Tra le principali accuse degli attivisti contro il governo, c’è il fatto che In Kenya non esistono leggi che proteggano le persone Lgbtq+ dalle violenze causate dalla discriminazione. Non solo: esistono invece leggi che ancora definiscono illegale ogni tipo rapporto omosessuale, per il quale si può ancora venire condannati fino a 14 anni di carcere.

Sembra anacronistico, per un paese dove l’attivismo su questo fronte è sempre più fervido e vivace. Proprio a questo proposito, lo scorso ottobre è stata ospitata al Festival dell’Internazionale, a Ferrara, la fondatrice del podcast kenyano “AfroQueer” Sally Thiam, che vive tra Los Angeles e Nairobi. Thiam ha raccontato proprio della difficoltà, in Kenya, di coordinare il rispetto della legalità con il suo lavoro, che interessa e coinvolge un numero sempre maggiore di giovani. Nonostante la società dimostri una maggiore apertura, la legge che condanna l’omosessualità rimane immutata. 

Non è migliore la situazione nel resto del continente: l’Angola e il Sudafrica sono gli unici ad avere introdotto una legge contro le discriminazioni delle persone Lgbtq+. Per il resto, ancora in quasi due terzi dei paesi l’omosessualità è un crimine. In alcuni stati della Nigeria si rischia addirittura la morte per lapidazione. Tuttavia, anche laddove non esistono leggi specifiche, si può venire condannati per depravazione, o atti immorali.

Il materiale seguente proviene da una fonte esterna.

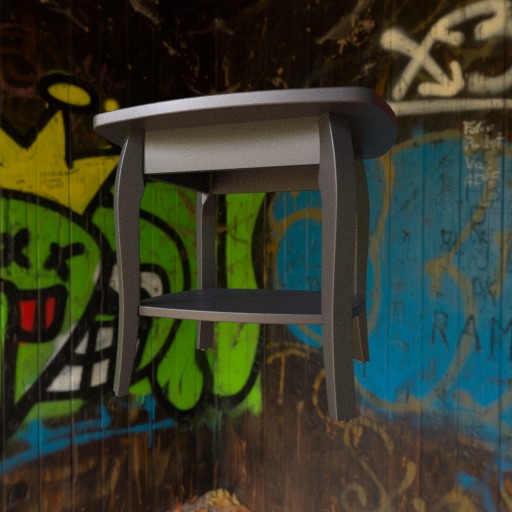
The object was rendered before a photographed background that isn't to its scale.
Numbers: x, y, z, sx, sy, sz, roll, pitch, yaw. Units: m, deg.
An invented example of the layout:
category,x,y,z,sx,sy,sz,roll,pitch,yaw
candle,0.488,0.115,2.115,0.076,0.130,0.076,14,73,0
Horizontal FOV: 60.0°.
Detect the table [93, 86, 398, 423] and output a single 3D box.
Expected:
category,x,y,z,sx,sy,sz,roll,pitch,yaw
table,0.000,0.000,0.837,0.508,0.457,0.457,0,1,18
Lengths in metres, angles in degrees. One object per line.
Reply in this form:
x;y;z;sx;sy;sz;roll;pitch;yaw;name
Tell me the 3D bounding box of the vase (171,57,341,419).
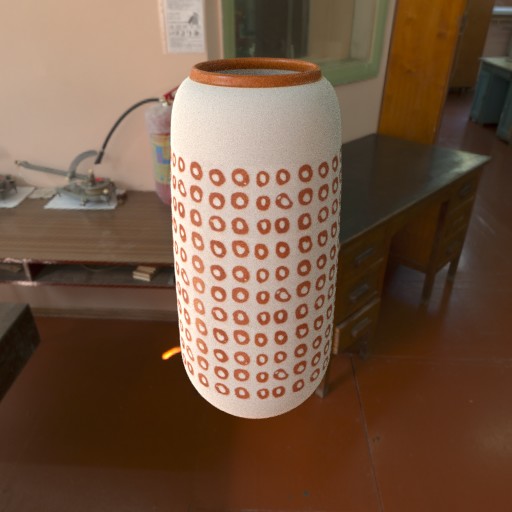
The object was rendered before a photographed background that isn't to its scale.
0.000;0.000;0.354;0.133;0.282;0.133;0;31;0;vase

La repressione scatta anche, a volte, per futili motivi: è il caso dell’Algeria, dove qualche giorno fa sono stati ritirati dal mercato dei giochi per bambini, accusati di fare propaganda ai movimenti Lgbtq+ per via dei loro colori. Lo scorso settembre, in Uganda, dove per l’omosessualità si rischia l’ergastolo, era stato sospeso (e poi riabilitato con regole rigide) lo Nyege Nyege, un grande festival di musica elettronica che aveva attirato più 8mila partecipanti dall’estero, perché accusato di essere ricettacolo di immoralità, nonché luogo di reclutamento di nuovi giovani per la comunità Lgbtq+.  (AB)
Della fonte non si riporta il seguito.